Louise Michel / Twitter

O navio “Louise Michel” resgata refugiados no Mediterrâneo

O artista britânico financiou o navio “Louise Michel” para resgatar migrantes no Mediterrâneo, que já está na zona e resgatou 89 pessoas esta quinta-feira.

De acordo com o jornal britânico The Guardian, o navio “Louise Michel”, batizado em homenagem a uma anarquista francesa do século XIX, pintado com uma versão de uma das obras de Banksy, partiu, a 18 de agosto, do porto espanhol de Borriana, perto de Valência.

Esta quinta-feira, a embarcação resgatou 89 pessoas, incluindo 14 mulheres e quatro crianças, no Mediterrâneo Central. O navio está agora à procura de um porto seguro para desembarcar passageiros ou transferi-los para um navio das guardas costeiras europeias.

Segundo o diário inglês, a tripulação do barco é composta por 10 elementos, ativistas europeus com longa experiência em procura e salvamento, que já tinham prestado o seu auxílio noutras duas operações de resgate que envolveram um total de 105 pessoas.

A capitã do navio é Pia Klemp, uma ativista de direitos humanos alemã conhecida por ter conduzido vários outros navios de resgate, incluindo o Sea-Watch 3. O jornal diz que o artista não está a bordo, acrescentando que toda a operação foi montada entre Londres, Berlim e Borriana.

O The Guardian conta que Klemp foi contactada por Banksy por e-mail, em setembro de 2019, sendo que, na altura, a jovem considerou tratar-se de uma brincadeira.

“Olá, Pia. Li a tua história nos jornais. Pareces-me brutal. Sou um artista do Reino Unido e fiz alguns trabalhos sobre a crise dos migrantes. Obviamente não posso ficar com o dinheiro. Poderias usá-lo para comprar um novo barco ou alguma coisa do género? Por favor dá-me notícias. Bom trabalho. Banksy”, escreveu o artista inglês.

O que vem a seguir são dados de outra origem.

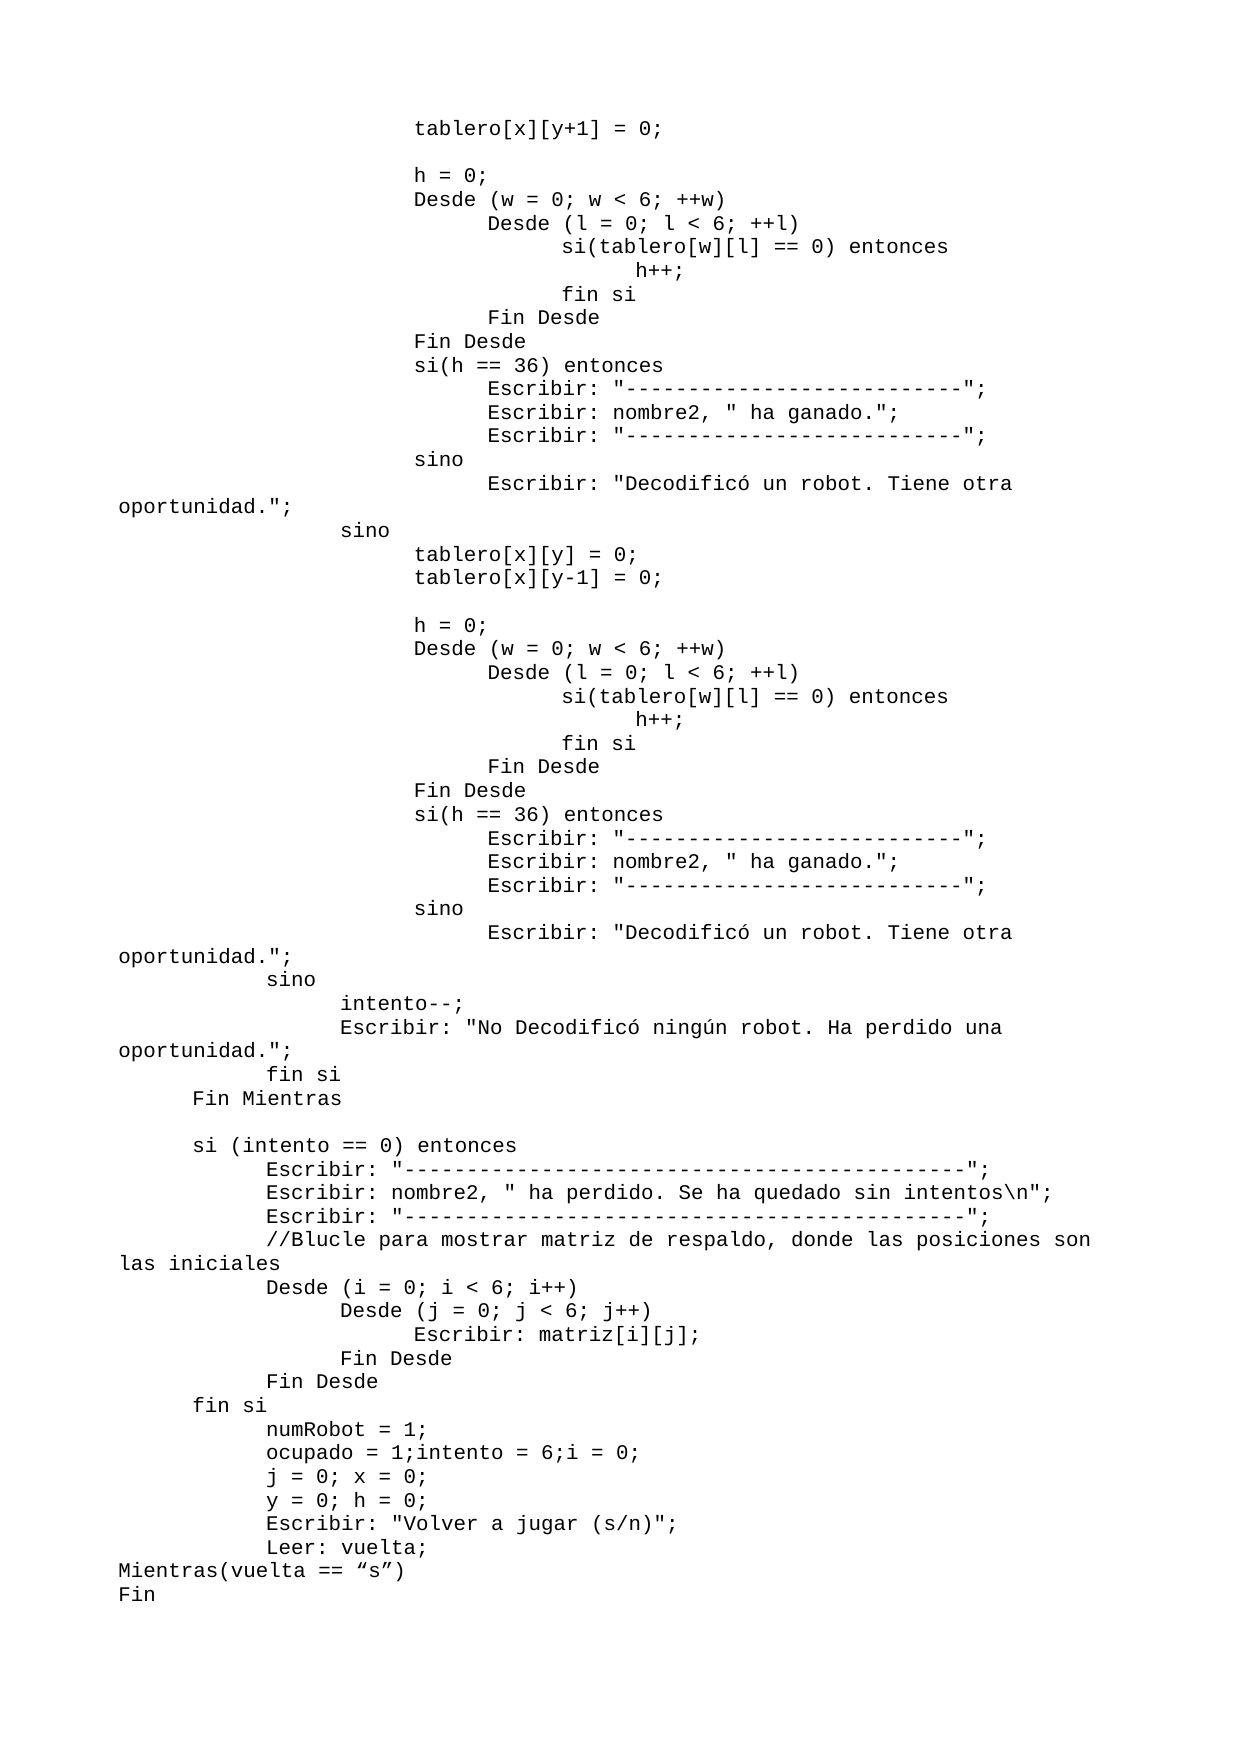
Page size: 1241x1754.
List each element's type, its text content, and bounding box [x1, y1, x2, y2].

text Fin Desde [118, 757, 1122, 780]
text si(h == 36) entonces [118, 804, 1122, 827]
text fin si [118, 284, 1122, 307]
text ocupado = 1;intento = 6;i = 0; [118, 1442, 1122, 1466]
text Fin Desde [118, 307, 1122, 331]
text Desde (l = 0; l < 6; ++l) [118, 213, 1122, 236]
text h = 0; [118, 165, 1122, 189]
text tablero[x][y] = 0; [118, 544, 1122, 567]
text Escribir: "---------------------------------------------"; [118, 1206, 1122, 1229]
text si(tablero[w][l] == 0) entonces [118, 236, 1122, 260]
text intento--; [118, 993, 1122, 1017]
text numRobot = 1; [118, 1419, 1122, 1442]
text si(h == 36) entonces [118, 354, 1122, 378]
text Fin Desde [118, 1348, 1122, 1371]
text //Blucle para mostrar matriz de respaldo, donde las posiciones son las iniciales [118, 1229, 1122, 1277]
text Escribir: matriz[i][j]; [118, 1324, 1122, 1348]
text Escribir: nombre2, " ha ganado."; [118, 402, 1122, 426]
text Escribir: "---------------------------"; [118, 875, 1122, 898]
text Escribir: nombre2, " ha perdido. Se ha quedado sin intentos\n"; [118, 1182, 1122, 1206]
text tablero[x][y+1] = 0; [118, 118, 1122, 142]
text fin si [118, 1064, 1122, 1088]
text Desde (w = 0; w < 6; ++w) [118, 638, 1122, 662]
text si (intento == 0) entonces [118, 1135, 1122, 1158]
text Mientras(vuelta == “s”) [118, 1561, 1122, 1584]
text sino [118, 449, 1122, 473]
text Fin Desde [118, 331, 1122, 354]
text Desde (j = 0; j < 6; j++) [118, 1300, 1122, 1324]
text Escribir: "Volver a jugar (s/n)"; [118, 1513, 1122, 1537]
text Escribir: "---------------------------"; [118, 378, 1122, 402]
text Escribir: "No Decodificó ningún robot. Ha perdido una oportunidad."; [118, 1017, 1122, 1064]
text tablero[x][y-1] = 0; [118, 567, 1122, 591]
text Escribir: "Decodificó un robot. Tiene otra oportunidad."; [118, 922, 1122, 969]
text Escribir: "---------------------------------------------"; [118, 1158, 1122, 1182]
text j = 0; x = 0; [118, 1466, 1122, 1489]
text Escribir: "---------------------------"; [118, 827, 1122, 851]
text Desde (l = 0; l < 6; ++l) [118, 662, 1122, 686]
text h++; [118, 709, 1122, 733]
text Desde (i = 0; i < 6; i++) [118, 1277, 1122, 1300]
text y = 0; h = 0; [118, 1489, 1122, 1513]
text Fin Mientras [118, 1088, 1122, 1111]
text si(tablero[w][l] == 0) entonces [118, 686, 1122, 709]
text Escribir: "Decodificó un robot. Tiene otra oportunidad."; [118, 473, 1122, 520]
text h++; [118, 260, 1122, 284]
text Escribir: nombre2, " ha ganado."; [118, 851, 1122, 875]
text Escribir: "---------------------------"; [118, 426, 1122, 449]
text Fin [118, 1584, 1122, 1608]
text fin si [118, 1395, 1122, 1419]
text Leer: vuelta; [118, 1537, 1122, 1561]
text h = 0; [118, 615, 1122, 638]
text sino [118, 969, 1122, 993]
text Fin Desde [118, 780, 1122, 804]
text Desde (w = 0; w < 6; ++w) [118, 189, 1122, 213]
text sino [118, 520, 1122, 544]
text Fin Desde [118, 1371, 1122, 1395]
text fin si [118, 733, 1122, 757]
text sino [118, 898, 1122, 922]

A capitã do navio acredita que Banksy a contactou pelo seu compromisso político: “Não vejo o resgate no mar como uma ação humanitária, mas como parte de uma luta antifascista”, disse ao jornal.

Klemp deixou claro que o envolvimento do famoso artista nas operações se limita a dar apoio financeiro. “Banksy não vai fingir que sabe melhor do que nós como dirigir um navio, e nós não vamos fingir que somos artistas”, clarificou.

Muitos barcos pequenos com migrantes, principalmente tunisinos, atracaram durante todo o verão na ilha italiana de Lampedusa, no sul da Sicília.

O Sea-Watch 4, navio das ONG Médicos sem Fronteiras e Sea-Watch, está presente na área desde meados de agosto. Já realizou diversos resgates, recuperando mais de 200 pessoas.

O último navio a regressar do Mediterrâneo central, o Ocean Viking, fretado pela SOS Méditerranée, desembarcou na Sicília, no início de julho, com 180 migrantes, antes de ser imobilizado pelas autoridades italianas por “motivos técnicos”.